KARACHI: President General Pervez Musharraf on Wednesday said that 2007 would be the year of elections in the country, urging the people, particularly women to get ready for the elections and reject those elements who were opposing the women protection bill.

Addressing a gathering of PML (Q) women wing at the chief minister house on Wednesday evening, he said, "2007 will the year of next general elections, which will be free and fair."

He rejected criticism of the women’s protection bill as "un-Islamic" and rejected the notion of the Hudood Ordinances as divine law.

"The Hudood Allah cannot be changed as they are divine, but the Hudood Ordinance is man-made and it can be changed," Musharraf said.

He said the passage of women protection bill was not only the victory of women, but it was the victory of all the moderate forces in the country", He said those opposing the bill were simply "hypocrites".

He urged the women to vote for moderates in next elections as " if they win that means I win".

Describing the bill as 'historical', he said violence against women, the weakest and the underprivileged, must stop and they (women) should stand up against any form of violence being perpetrated against them.

The president said the Council of Islamic Ideology (CII) had declared the bill to be in consonance with Islamic laws, and this should be enough to satisfy critics of the bill as they keep calling it "un-Islamic".

He said the government was going to carry out a series of legislation to eliminate social injustices against women, including manipulation of the law of inheritance, trafficking of women, forced marriages, marriage with Holy Quran, practice of Vani and the divorce issue.

The president called upon women to reject the " extremists" who, he said, wanted to keep them deprived and underprivileged. "You will see that these extremists will be rejected by the people of Pakistan in next elections," he observed.

He said the government had already given women 33 per cent representation in elected bodies. "However, more steps needed to be taken," he added.

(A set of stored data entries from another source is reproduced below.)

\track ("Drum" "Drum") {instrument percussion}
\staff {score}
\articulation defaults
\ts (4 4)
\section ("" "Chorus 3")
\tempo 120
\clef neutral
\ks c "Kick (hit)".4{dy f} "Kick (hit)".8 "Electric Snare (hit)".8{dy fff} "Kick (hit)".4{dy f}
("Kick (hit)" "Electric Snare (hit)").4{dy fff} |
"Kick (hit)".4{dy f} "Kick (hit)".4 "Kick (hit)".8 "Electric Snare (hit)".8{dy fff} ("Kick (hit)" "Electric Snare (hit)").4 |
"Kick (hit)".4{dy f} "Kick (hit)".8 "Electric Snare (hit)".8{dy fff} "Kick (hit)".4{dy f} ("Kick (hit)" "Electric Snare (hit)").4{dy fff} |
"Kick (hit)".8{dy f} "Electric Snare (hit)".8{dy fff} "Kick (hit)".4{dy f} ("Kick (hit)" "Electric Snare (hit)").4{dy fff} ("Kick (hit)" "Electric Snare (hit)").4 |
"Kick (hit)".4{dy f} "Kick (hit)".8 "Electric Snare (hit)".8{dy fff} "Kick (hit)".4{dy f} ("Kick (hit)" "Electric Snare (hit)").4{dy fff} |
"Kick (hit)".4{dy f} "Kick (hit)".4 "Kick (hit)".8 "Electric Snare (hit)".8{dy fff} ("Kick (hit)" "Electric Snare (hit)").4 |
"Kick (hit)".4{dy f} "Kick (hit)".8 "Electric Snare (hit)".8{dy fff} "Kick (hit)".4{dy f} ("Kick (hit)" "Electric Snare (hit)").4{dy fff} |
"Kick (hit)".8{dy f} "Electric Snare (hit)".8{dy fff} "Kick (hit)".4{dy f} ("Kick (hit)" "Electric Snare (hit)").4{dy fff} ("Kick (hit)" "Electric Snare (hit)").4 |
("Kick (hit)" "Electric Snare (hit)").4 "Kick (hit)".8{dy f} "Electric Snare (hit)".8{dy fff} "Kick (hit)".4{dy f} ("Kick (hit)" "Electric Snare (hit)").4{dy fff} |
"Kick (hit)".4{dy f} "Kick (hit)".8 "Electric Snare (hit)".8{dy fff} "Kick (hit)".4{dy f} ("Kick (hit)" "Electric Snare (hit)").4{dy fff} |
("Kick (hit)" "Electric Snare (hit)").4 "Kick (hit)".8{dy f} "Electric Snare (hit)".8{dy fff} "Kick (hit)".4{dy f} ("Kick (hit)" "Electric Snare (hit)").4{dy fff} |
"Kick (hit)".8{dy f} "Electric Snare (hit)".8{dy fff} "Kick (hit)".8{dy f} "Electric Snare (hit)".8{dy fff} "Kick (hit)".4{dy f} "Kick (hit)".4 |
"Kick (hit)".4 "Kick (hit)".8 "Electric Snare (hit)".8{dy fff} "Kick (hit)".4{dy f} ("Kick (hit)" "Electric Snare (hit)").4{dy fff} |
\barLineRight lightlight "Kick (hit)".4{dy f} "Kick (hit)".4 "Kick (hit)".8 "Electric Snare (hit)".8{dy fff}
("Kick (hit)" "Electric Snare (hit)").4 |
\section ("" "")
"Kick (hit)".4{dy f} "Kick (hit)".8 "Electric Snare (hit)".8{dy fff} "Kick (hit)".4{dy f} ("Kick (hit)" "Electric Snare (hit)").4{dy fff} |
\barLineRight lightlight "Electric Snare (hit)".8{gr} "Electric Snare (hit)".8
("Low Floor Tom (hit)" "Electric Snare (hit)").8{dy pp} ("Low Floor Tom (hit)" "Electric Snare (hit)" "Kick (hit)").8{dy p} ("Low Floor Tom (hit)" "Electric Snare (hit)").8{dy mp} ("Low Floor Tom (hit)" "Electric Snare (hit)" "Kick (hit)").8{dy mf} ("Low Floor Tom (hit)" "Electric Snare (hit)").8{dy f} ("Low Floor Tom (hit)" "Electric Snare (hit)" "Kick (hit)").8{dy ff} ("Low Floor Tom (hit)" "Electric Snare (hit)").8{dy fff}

Though job quotas for women had been increased and they had started entering new fields such as the armed forces, "their capacity-building is very important to get maximum benefit from their talent".

Musharraf said that Pakistan was and would remain an Islamic country, and that no law would be enacted which was against the Quran and Sunnat and Islamic injunctions. The women’s protection law passed by parliament was in accordance with the Holy Quran and Sunnat, he said.

Chief minister Dr Arbab Ghulam Rahim also addressed the meeting.